• ASSIGNMENT
The lines to extract run from the start of the records through the line with "table_cell 2644 [639, 929, 767, 954]", both ends included; drop the pictures.
[Start of Attachment]
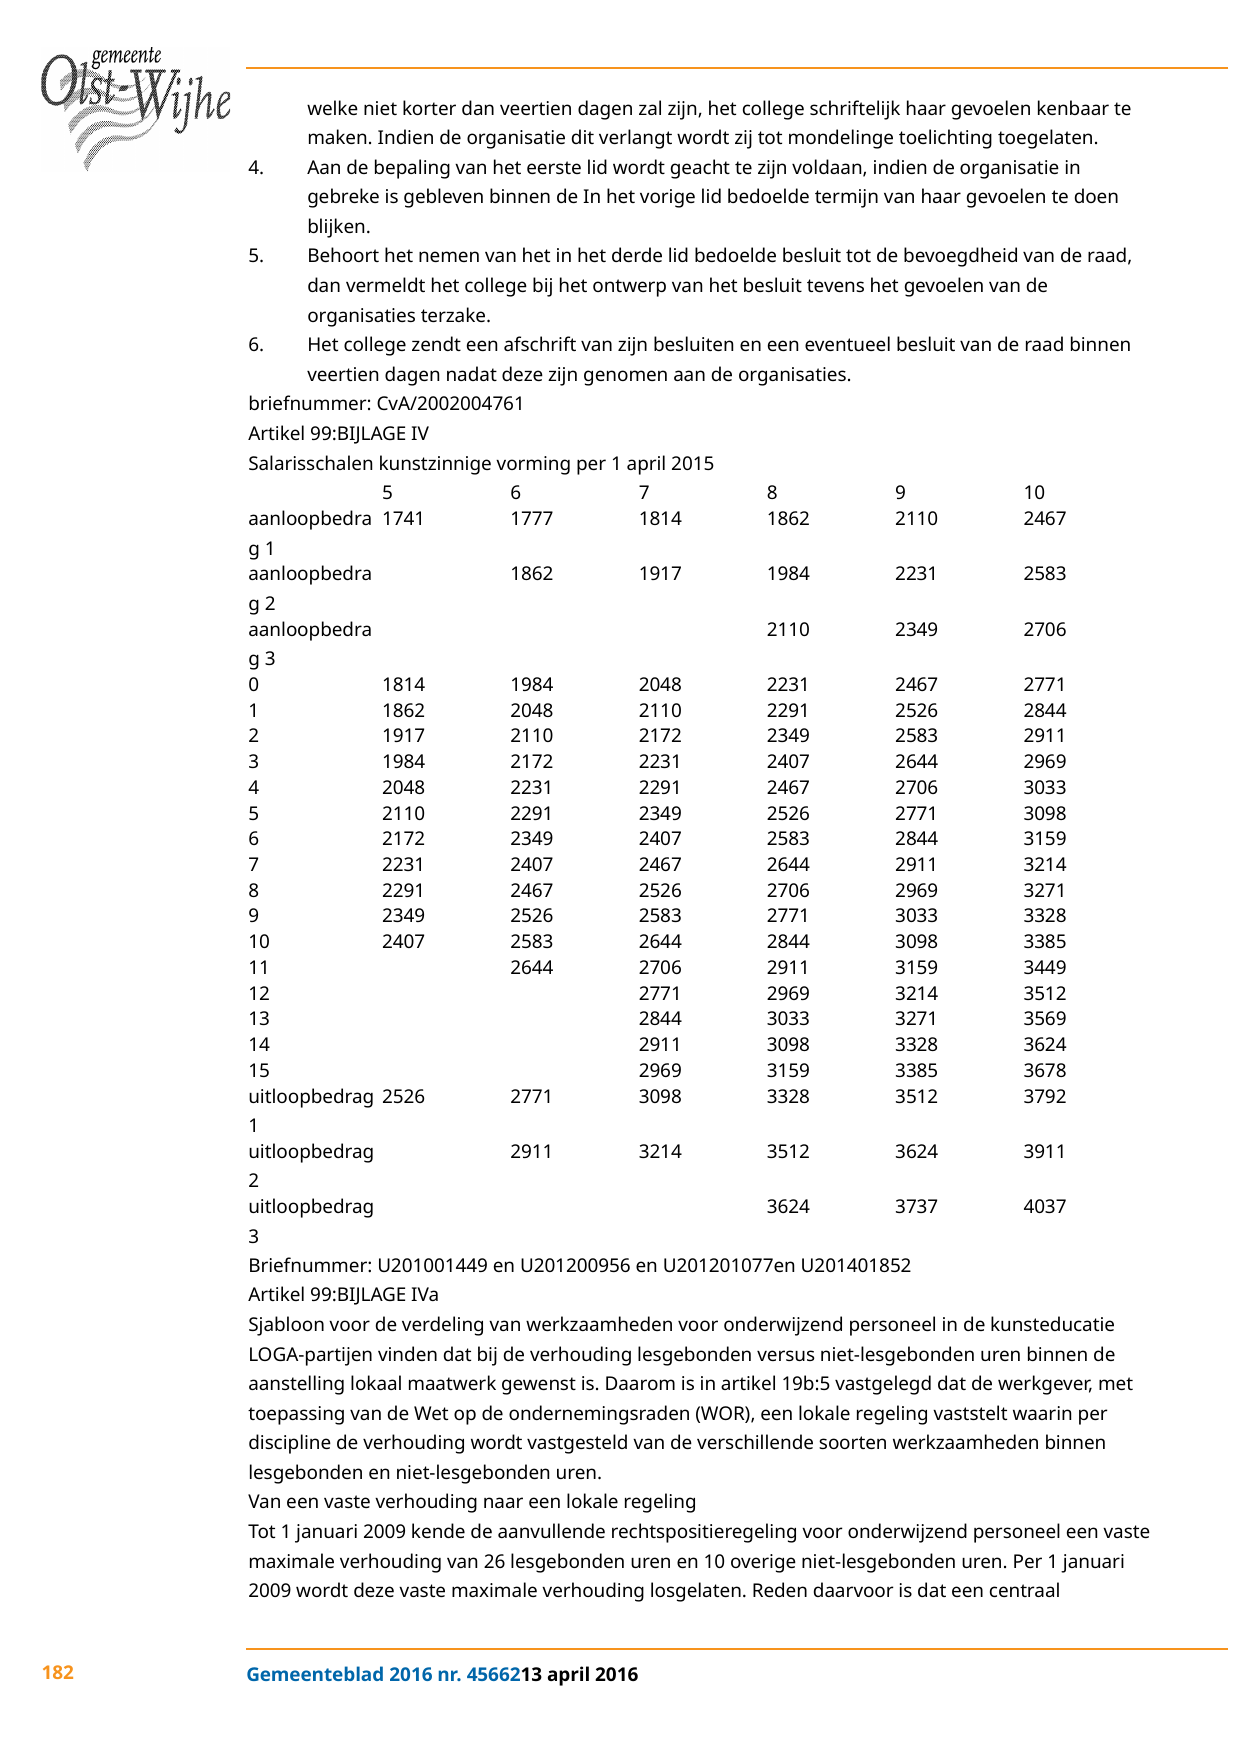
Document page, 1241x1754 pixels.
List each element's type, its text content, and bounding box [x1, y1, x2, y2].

table_cell 2407 [382, 929, 510, 954]
table_cell 2048 [639, 671, 767, 697]
table_cell [510, 1006, 638, 1031]
table_cell 2644 [639, 929, 767, 954]
table_cell uitloopbedrag 3 [248, 1194, 382, 1249]
table_cell 2467 [767, 774, 895, 800]
table_cell 1 [248, 697, 382, 723]
table_cell 2583 [639, 903, 767, 928]
table_cell 2526 [639, 877, 767, 903]
table_cell 2911 [510, 1138, 638, 1193]
table_header [248, 480, 382, 505]
table_cell 3098 [639, 1083, 767, 1138]
table_cell 2110 [510, 723, 638, 748]
table_header 8 [767, 480, 895, 505]
table_cell 2771 [767, 903, 895, 928]
table_cell 2110 [895, 505, 1023, 561]
table_cell 1814 [639, 505, 767, 561]
table_cell 3512 [1023, 980, 1152, 1006]
table_cell 1862 [382, 697, 510, 723]
table_cell 2349 [767, 723, 895, 748]
table_cell 3033 [895, 903, 1023, 928]
table_cell 1917 [382, 723, 510, 748]
picture [41, 47, 231, 172]
table_cell 3911 [1023, 1138, 1152, 1193]
table_cell 2291 [382, 877, 510, 903]
table_cell 3512 [895, 1083, 1023, 1138]
table_cell 8 [248, 877, 382, 903]
list welke niet korter dan veertien dagen zal zijn, het college schriftelijk haar gevoelen kenbaar te maken. Indien de organisatie dit verlangt wordt zij tot mondelinge toelichting toegelaten. [248, 95, 1152, 150]
table_cell 2969 [1023, 748, 1152, 774]
table_cell 2231 [639, 748, 767, 774]
table_cell 2467 [510, 877, 638, 903]
table_cell 3159 [1023, 826, 1152, 851]
table_cell 2231 [895, 561, 1023, 616]
table_cell 3678 [1023, 1057, 1152, 1083]
table_cell 3624 [895, 1138, 1023, 1193]
table_header 9 [895, 480, 1023, 505]
text LOGA-partijen vinden dat bij de verhouding lesgebonden versus niet-lesgebonden uren binnen de aanstelling lokaal maatwerk gewenst is. Daarom is in artikel 19b:5 vastgelegd dat de werkgever, met toepassing van de Wet op de ondernemingsraden (WOR), een lokale regeling vaststelt waarin per discipline de verhouding wordt vastgesteld van de verschillende soorten werkzaamheden binnen lesgebonden en niet-lesgebonden uren. [248, 1341, 1152, 1485]
table_cell 2706 [639, 954, 767, 980]
table_cell 3214 [639, 1138, 767, 1193]
table_cell [639, 1194, 767, 1249]
text Sjabloon voor de verdeling van werkzaamheden voor onderwijzend personeel in de kunsteducatie [248, 1311, 1152, 1337]
table_header 7 [639, 480, 767, 505]
table_cell 3159 [767, 1057, 895, 1083]
table_cell [382, 1057, 510, 1083]
text Tot 1 januari 2009 kende de aanvullende rechtspositieregeling voor onderwijzend personeel een vaste maximale verhouding van 26 lesgebonden uren en 10 overige niet-lesgebonden uren. Per 1 januari 2009 wordt deze vaste maximale verhouding losgelaten. Reden daarvoor is dat een centraal [248, 1518, 1152, 1603]
list Behoort het nemen van het in het derde lid bedoelde besluit tot de bevoegdheid van de raad, dan vermeldt het college bij het ontwerp van het besluit tevens het gevoelen van de organisaties terzake. [248, 243, 1152, 328]
table_header 5 [382, 480, 510, 505]
table_cell 2844 [639, 1006, 767, 1031]
table_cell 3624 [1023, 1031, 1152, 1057]
table_cell 4 [248, 774, 382, 800]
table_cell 2771 [895, 800, 1023, 826]
table_cell 2526 [382, 1083, 510, 1138]
table_cell 2291 [639, 774, 767, 800]
table_cell 1917 [639, 561, 767, 616]
table_cell 3 [248, 748, 382, 774]
table_cell 2231 [510, 774, 638, 800]
table_cell uitloopbedrag 2 [248, 1138, 382, 1193]
table_cell aanloopbedrag 3 [248, 616, 382, 671]
table_cell 2844 [767, 929, 895, 954]
table_cell [382, 1138, 510, 1193]
table_cell [510, 1031, 638, 1057]
table_cell aanloopbedrag 1 [248, 505, 382, 561]
table_cell 2467 [1023, 505, 1152, 561]
table_header 10 [1023, 480, 1152, 505]
table_cell 6 [248, 826, 382, 851]
table_cell 3033 [767, 1006, 895, 1031]
table_cell 15 [248, 1057, 382, 1083]
table_cell [510, 1057, 638, 1083]
table_cell 4037 [1023, 1194, 1152, 1249]
table_cell 3271 [1023, 877, 1152, 903]
table_cell 5 [248, 800, 382, 826]
table_cell 2969 [895, 877, 1023, 903]
table_cell 2583 [767, 826, 895, 851]
table_cell 2911 [767, 954, 895, 980]
table_cell 3098 [767, 1031, 895, 1057]
table_cell 1984 [382, 748, 510, 774]
text Artikel 99:BIJLAGE IV [248, 420, 1152, 446]
table_cell 1814 [382, 671, 510, 697]
table_cell 2844 [895, 826, 1023, 851]
table_cell 2110 [639, 697, 767, 723]
table_cell [382, 1194, 510, 1249]
table_cell 2110 [382, 800, 510, 826]
table_cell 2706 [1023, 616, 1152, 671]
table_cell [382, 561, 510, 616]
table_cell 1777 [510, 505, 638, 561]
table_cell 2291 [767, 697, 895, 723]
table_cell 3214 [1023, 851, 1152, 877]
table_cell 2048 [382, 774, 510, 800]
table_cell 9 [248, 903, 382, 928]
table_cell 3098 [1023, 800, 1152, 826]
table_cell 1862 [510, 561, 638, 616]
table_cell 11 [248, 954, 382, 980]
table_cell 2231 [382, 851, 510, 877]
table_cell 2706 [767, 877, 895, 903]
table_cell 3271 [895, 1006, 1023, 1031]
table_cell 2172 [382, 826, 510, 851]
table_cell [510, 616, 638, 671]
text Briefnummer: U201001449 en U201200956 en U201201077en U201401852 [248, 1252, 1152, 1278]
table_cell 3512 [767, 1138, 895, 1193]
table_cell 1741 [382, 505, 510, 561]
table_cell 2349 [639, 800, 767, 826]
table_cell 3449 [1023, 954, 1152, 980]
table_cell 2583 [510, 929, 638, 954]
table_cell 2771 [639, 980, 767, 1006]
table_cell 2969 [639, 1057, 767, 1083]
table_cell 13 [248, 1006, 382, 1031]
table_cell 2407 [639, 826, 767, 851]
table_cell 2231 [767, 671, 895, 697]
table_cell 1984 [510, 671, 638, 697]
table_cell 3792 [1023, 1083, 1152, 1138]
table_cell 14 [248, 1031, 382, 1057]
table_cell 1984 [767, 561, 895, 616]
table_cell 2644 [510, 954, 638, 980]
table_cell 2349 [895, 616, 1023, 671]
table_cell 2644 [895, 748, 1023, 774]
table_cell 2407 [767, 748, 895, 774]
table_cell 3385 [895, 1057, 1023, 1083]
table_cell 2467 [639, 851, 767, 877]
table_cell aanloopbedrag 2 [248, 561, 382, 616]
text Salarisschalen kunstzinnige vorming per 1 april 2015 [248, 450, 1152, 476]
table_cell 2969 [767, 980, 895, 1006]
table_cell 2644 [767, 851, 895, 877]
table_cell 10 [248, 929, 382, 954]
table_cell 2048 [510, 697, 638, 723]
table_cell 12 [248, 980, 382, 1006]
table_cell 2 [248, 723, 382, 748]
table_cell 2526 [895, 697, 1023, 723]
table_header 6 [510, 480, 638, 505]
table_cell 2844 [1023, 697, 1152, 723]
table_cell 2349 [382, 903, 510, 928]
list Aan de bepaling van het eerste lid wordt geacht te zijn voldaan, indien de organisatie in gebreke is gebleven binnen de In het vorige lid bedoelde termijn van haar gevoelen te doen blijken. [248, 154, 1152, 239]
table_cell 3328 [895, 1031, 1023, 1057]
table_cell [382, 980, 510, 1006]
table_cell 3159 [895, 954, 1023, 980]
table_cell 7 [248, 851, 382, 877]
table_cell 2583 [1023, 561, 1152, 616]
table_cell 3328 [767, 1083, 895, 1138]
table_cell 2771 [510, 1083, 638, 1138]
table_cell 3569 [1023, 1006, 1152, 1031]
table_cell 2172 [510, 748, 638, 774]
table_cell 2911 [895, 851, 1023, 877]
text Artikel 99:BIJLAGE IVa [248, 1282, 1152, 1307]
table_cell [510, 1194, 638, 1249]
table_cell 3098 [895, 929, 1023, 954]
table_cell 2583 [895, 723, 1023, 748]
table_cell 2291 [510, 800, 638, 826]
list Het college zendt een afschrift van zijn besluiten en een eventueel besluit van de raad binnen veertien dagen nadat deze zijn genomen aan de organisaties. [248, 331, 1152, 387]
table_cell 2407 [510, 851, 638, 877]
table_cell [510, 980, 638, 1006]
table_cell 2526 [510, 903, 638, 928]
text Van een vaste verhouding naar een lokale regeling [248, 1489, 1152, 1514]
table_cell 2110 [767, 616, 895, 671]
table_cell 3214 [895, 980, 1023, 1006]
table_cell 2172 [639, 723, 767, 748]
table_cell [639, 616, 767, 671]
text briefnummer: CvA/2002004761 [248, 391, 1152, 416]
table_cell [382, 1006, 510, 1031]
table_cell 2911 [1023, 723, 1152, 748]
table_cell [382, 616, 510, 671]
table_cell 3385 [1023, 929, 1152, 954]
table_cell 2467 [895, 671, 1023, 697]
table_cell 2526 [767, 800, 895, 826]
table_cell 2349 [510, 826, 638, 851]
table_cell 1862 [767, 505, 895, 561]
table_cell 2706 [895, 774, 1023, 800]
table_cell 3328 [1023, 903, 1152, 928]
table_cell 3033 [1023, 774, 1152, 800]
table_cell 3624 [767, 1194, 895, 1249]
table_cell 3737 [895, 1194, 1023, 1249]
table_cell uitloopbedrag 1 [248, 1083, 382, 1138]
table_cell 2911 [639, 1031, 767, 1057]
table_cell 2771 [1023, 671, 1152, 697]
table_cell [382, 954, 510, 980]
table_cell 0 [248, 671, 382, 697]
table_cell [382, 1031, 510, 1057]
[End of Attachment]
• TASK SOLUTION
Document page, 1241x1754 pixels.
List each element's type, its text content, and bounding box [x1, y1, x2, y2].

table_cell 2407 [382, 929, 510, 954]
table_cell 2048 [639, 671, 767, 697]
table_cell [510, 1006, 638, 1031]
table_cell 2644 [639, 929, 767, 954]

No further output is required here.